### [RECORDS SHOWN]
_ _ _
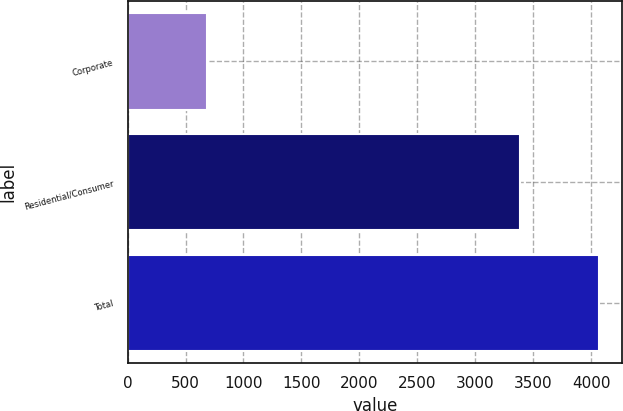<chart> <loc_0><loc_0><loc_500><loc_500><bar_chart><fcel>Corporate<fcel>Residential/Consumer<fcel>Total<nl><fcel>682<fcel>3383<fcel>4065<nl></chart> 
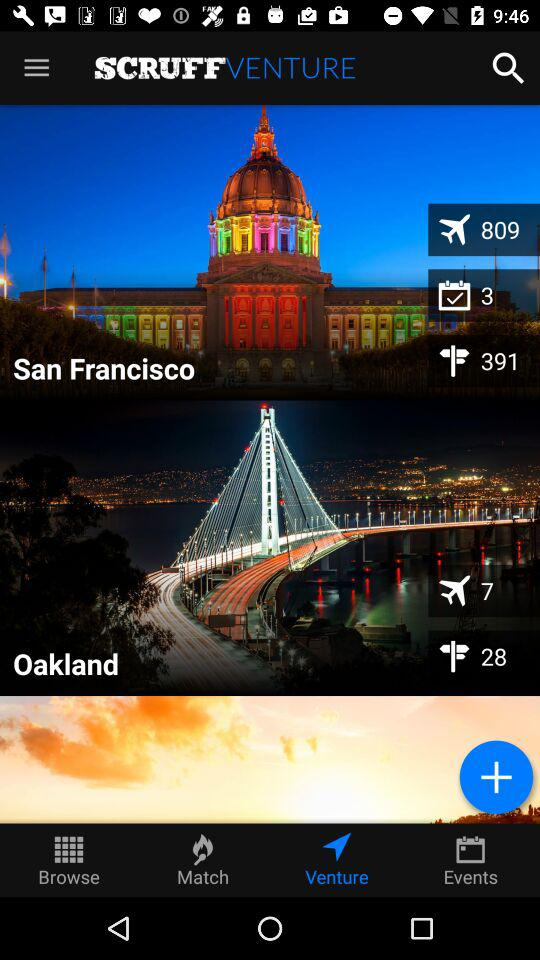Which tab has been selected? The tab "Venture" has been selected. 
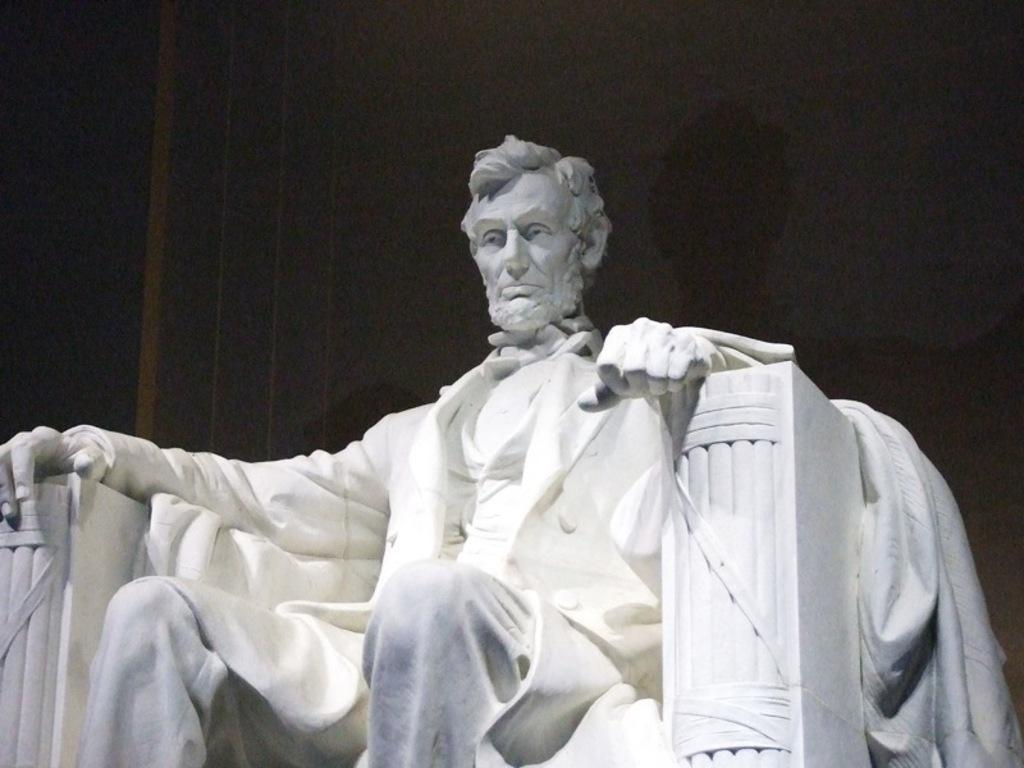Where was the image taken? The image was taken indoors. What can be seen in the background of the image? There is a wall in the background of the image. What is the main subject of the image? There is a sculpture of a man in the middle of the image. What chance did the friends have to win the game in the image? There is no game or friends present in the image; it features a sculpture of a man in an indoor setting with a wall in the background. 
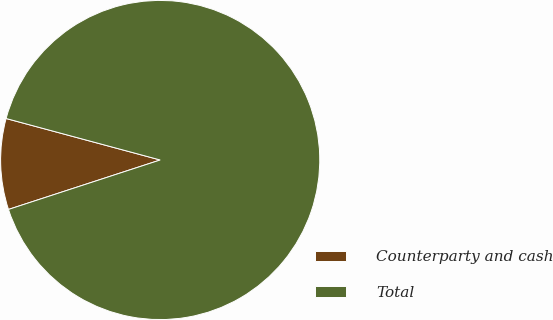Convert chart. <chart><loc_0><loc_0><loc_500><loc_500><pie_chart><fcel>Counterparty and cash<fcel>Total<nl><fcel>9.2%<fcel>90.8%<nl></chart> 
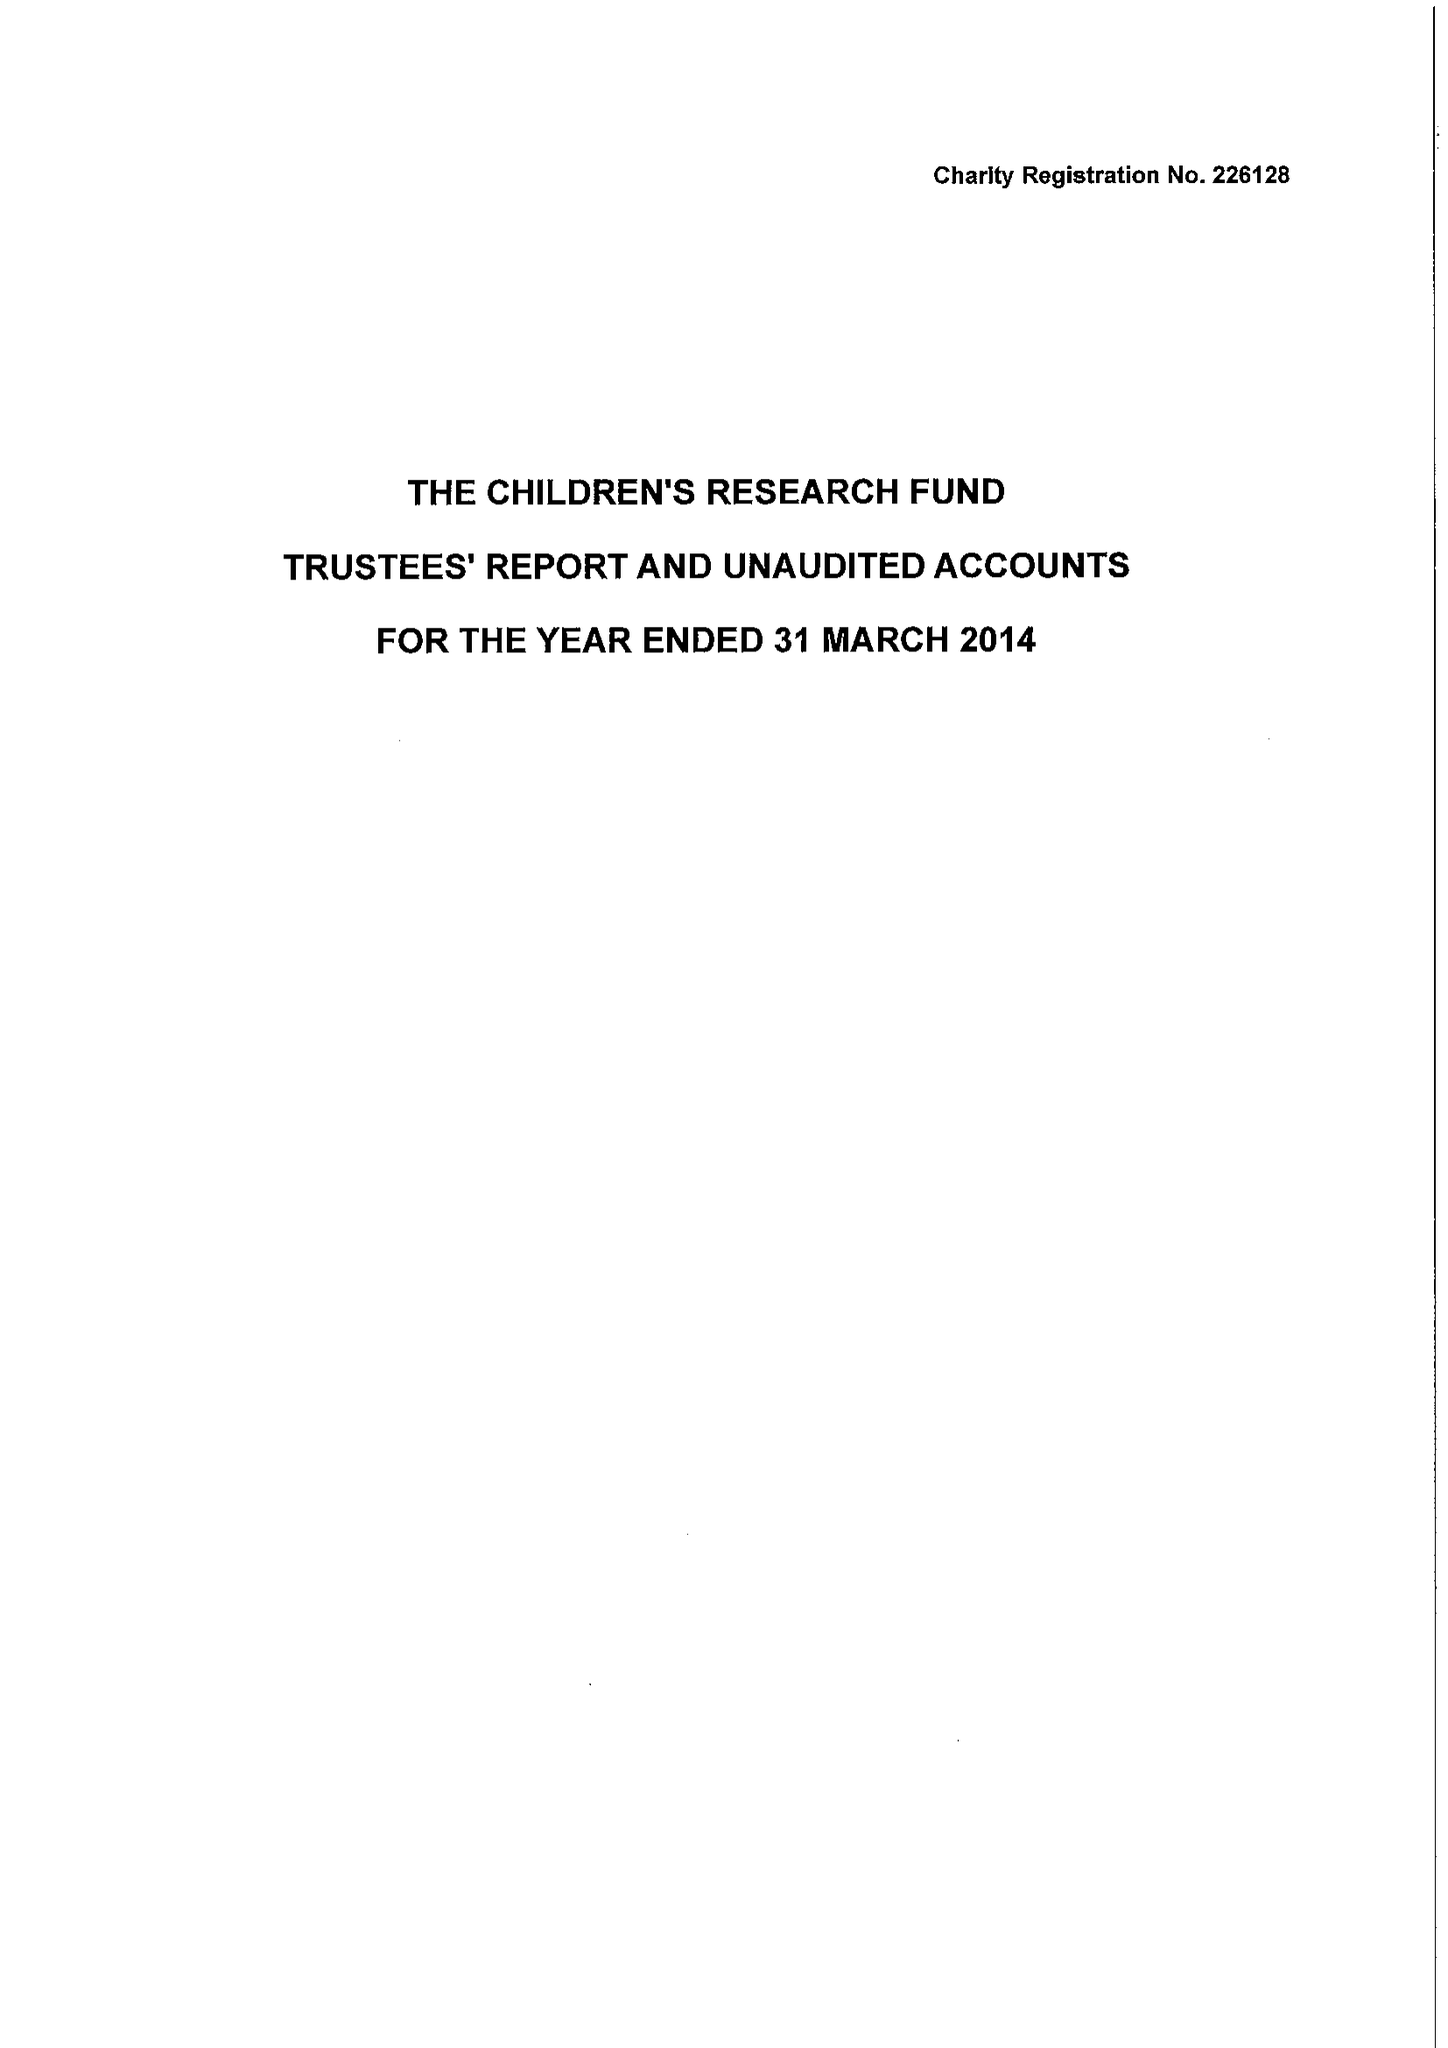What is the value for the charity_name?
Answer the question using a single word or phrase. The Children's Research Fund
_ _ _
### [ABOUT THIS EXERCISE]
With the pictures removed, set down every line of the listing above exactly.

### [RESULT]
<chart> <loc_0><loc_0><loc_500><loc_500><bar_chart><fcel>Corporate<fcel>Residential/Consumer<fcel>Total<nl><fcel>682<fcel>3383<fcel>4065<nl></chart> 
Which tab has been selected? The tab "Venture" has been selected. 
Where was the image taken? The image was taken indoors. What can be seen in the background of the image? There is a wall in the background of the image. What is the main subject of the image? There is a sculpture of a man in the middle of the image. What chance did the friends have to win the game in the image? There is no game or friends present in the image; it features a sculpture of a man in an indoor setting with a wall in the background. 
Convert chart. <chart><loc_0><loc_0><loc_500><loc_500><pie_chart><fcel>Counterparty and cash<fcel>Total<nl><fcel>9.2%<fcel>90.8%<nl></chart> 
What is the value for the charity_name?
Answer the question using a single word or phrase. The Children's Research Fund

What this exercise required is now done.